1793 During the French Revolution, the Committee of Public Safety becomes the executive organ of the republic, and the period known as the Reign of Terror begins.
1808 John Jacob Astor founded the American Fur Company, the profits from which made him the first multi-millionaire in the United States, back in the days when 'millionaire' meant you did something more than play games.
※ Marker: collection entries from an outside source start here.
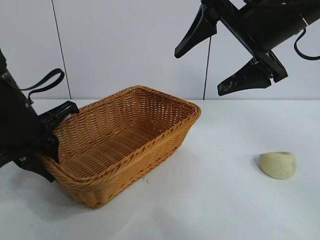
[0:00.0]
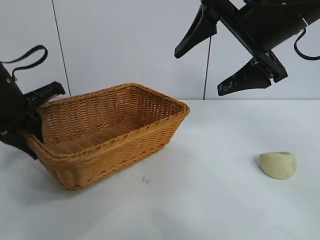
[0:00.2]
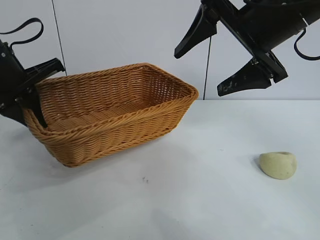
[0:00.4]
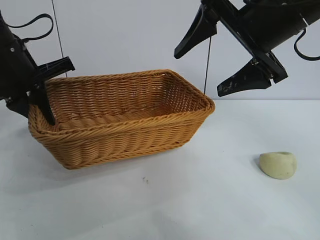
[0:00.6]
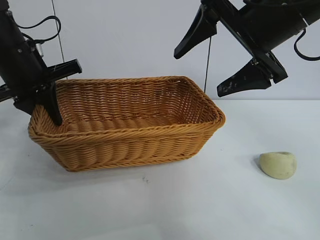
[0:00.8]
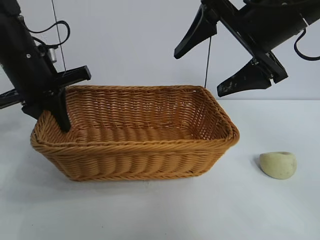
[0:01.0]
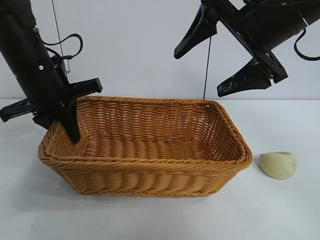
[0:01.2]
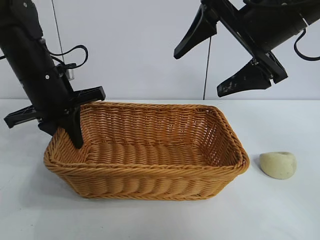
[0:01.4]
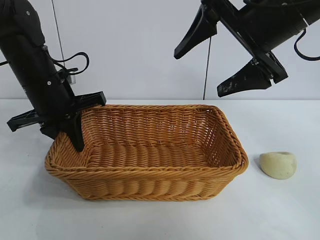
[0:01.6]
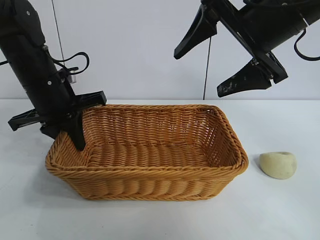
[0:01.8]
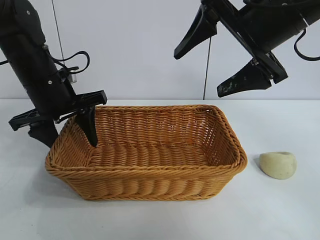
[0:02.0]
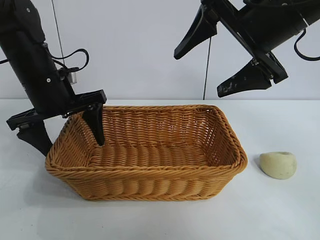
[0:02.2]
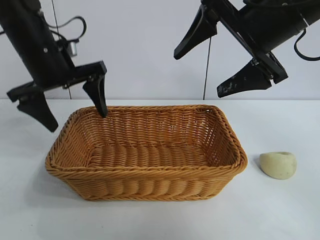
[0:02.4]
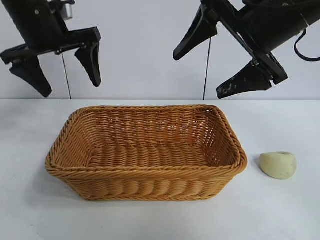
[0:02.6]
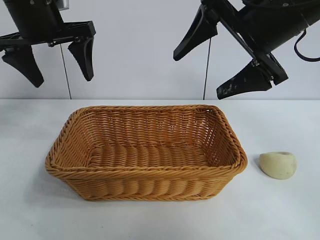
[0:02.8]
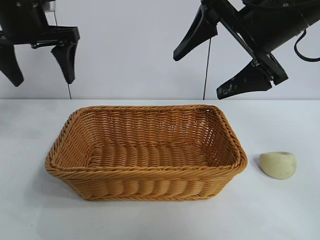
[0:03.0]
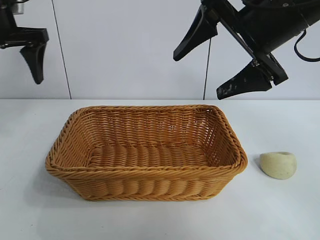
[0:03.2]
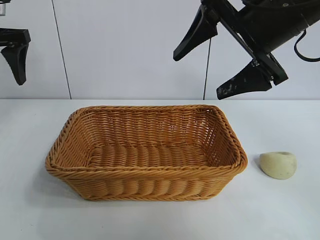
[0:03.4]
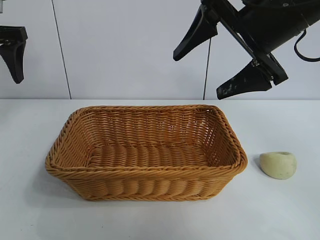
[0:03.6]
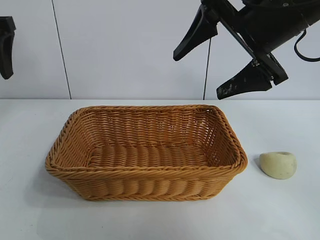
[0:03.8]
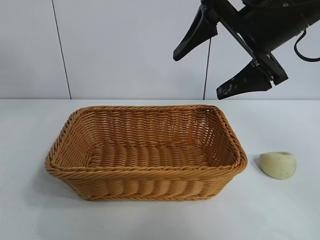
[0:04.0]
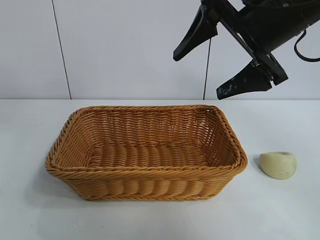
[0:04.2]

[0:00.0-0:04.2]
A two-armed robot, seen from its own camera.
Task of the whole recording: pick up the egg yolk pastry and put it into the basket.
Step, 0:00.0 to 0:02.0: Place the basket in the center of view with left gripper.

1814 Nominal beginning of the Bourbon Restoration anniversary date that Napoleon abdicates and is exiled to Elba. (Rule by the Bourbons was delayed a few weeks, though allies held most key locales of France.) In a year Napoleon is back to restore glory to France, and we KNOW how that ends. So in twenty-odd years France went from a monarchy to a blood-bath to military expansionism and now they're back to making a king out of the brother of the guy they beheaded twenty years before, to an ass-kicking that has given its name forever to ass-kickings (Waterloo) all because the allies who kicked French butt at Waterloo said "You folks ain't doin' really good with this 'democracy' thing, are you?"
1830 Church of Christ, the original church of the Latter Day Saint movement, is organized by Joseph Smith and others at either Fayette or Manchester, New York.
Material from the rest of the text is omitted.